Factor-driven investing, while highly popular among equity investors, has not been widely adopted in the bond market. But new research shows how to construct highly efficient fixed-income portfolios using factors, as well as the ongoing importance of reducing expenses.

Professors Eugene Fama and Ken French are best known for their 1992 study “The Cross-Section of Expected Stock Returns.” Based on the findings documented in that paper, they proposed that the single-factor (market beta) capital asset pricing model (CAPM) be replaced by a new three-factor model, adding size and value, as their addition significantly improved the ability to explain the differences in returns of diversified portfolios. Less well known, perhaps because bonds are less sexy than stocks, is that in their 1993 paper “Common Risk Factors in the Returns on Stocks and Bonds,” Fama and French also proposed a two-factor (term and default) model to explain bond returns.

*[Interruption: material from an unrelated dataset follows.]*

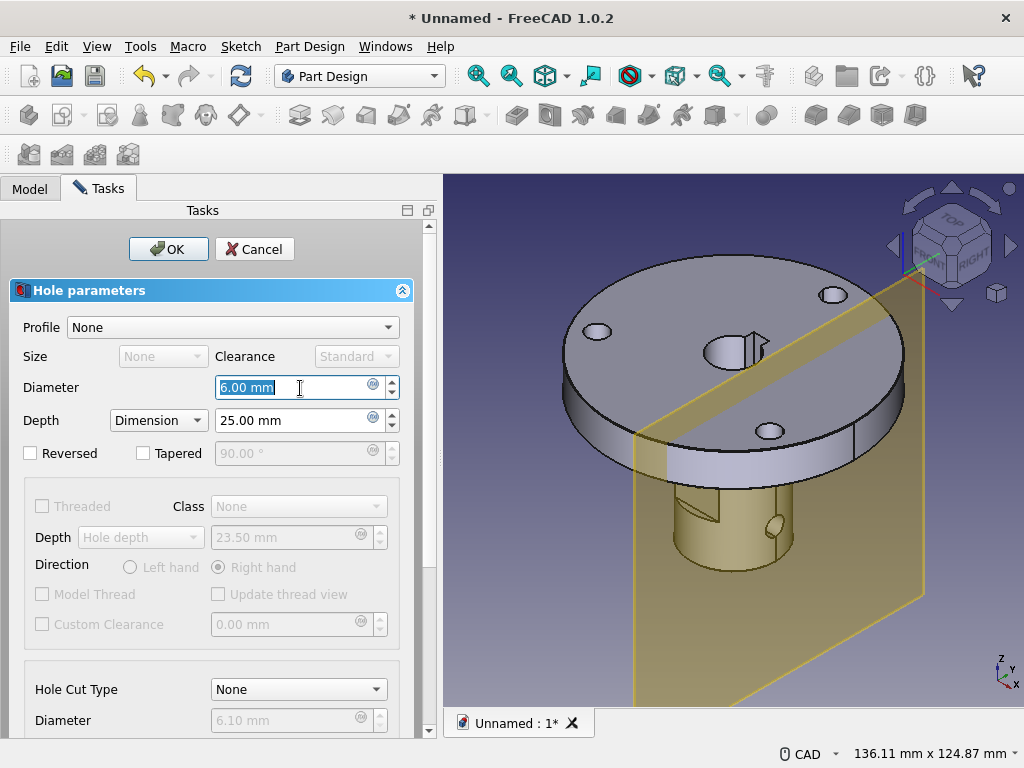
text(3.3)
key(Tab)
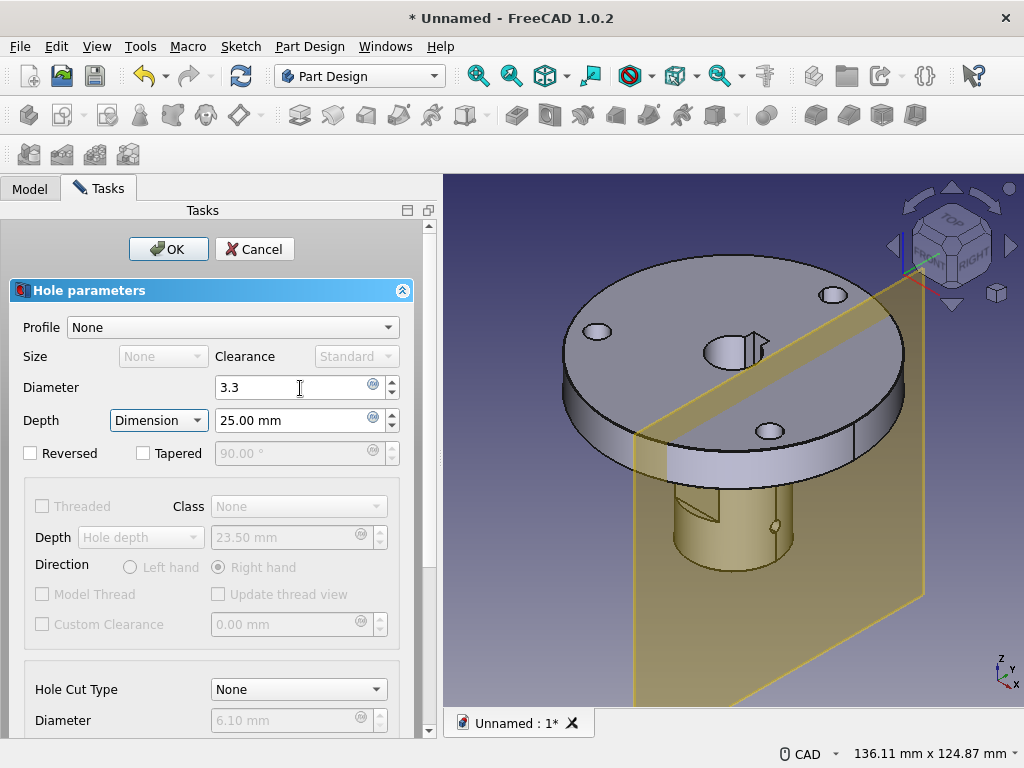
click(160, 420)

Marlena Lee, co-head of research at Dimensional Fund Advisors, conducted perhaps the most rigorous performance study of bond managers in her 2009 study “Is There Skill among Bond Managers?” Lee employed modified Fama-French term and default factors in combination with market, size and value factors to risk adjust alphas. Lee’s sample included 2,353 active U.S. investment-grade, high-yield and government bond funds and covered the period January 1991 to December 2008. Following is a summary of her findings:

  • In aggregate, active bond funds underperform appropriate benchmarks by an amount roughly equal to fees.
  • All categories of funds (government, corporate, high yield) produce negative net alphas.
  • There is no evidence of winner persistence in net returns beyond the randomly expected. We cannot separate skill from luck.
  • Collectively, investors in active bond funds lose about 90 basis points per year, or about $1.4 billion in 2008, in underperformance – a triumph of hope over experience.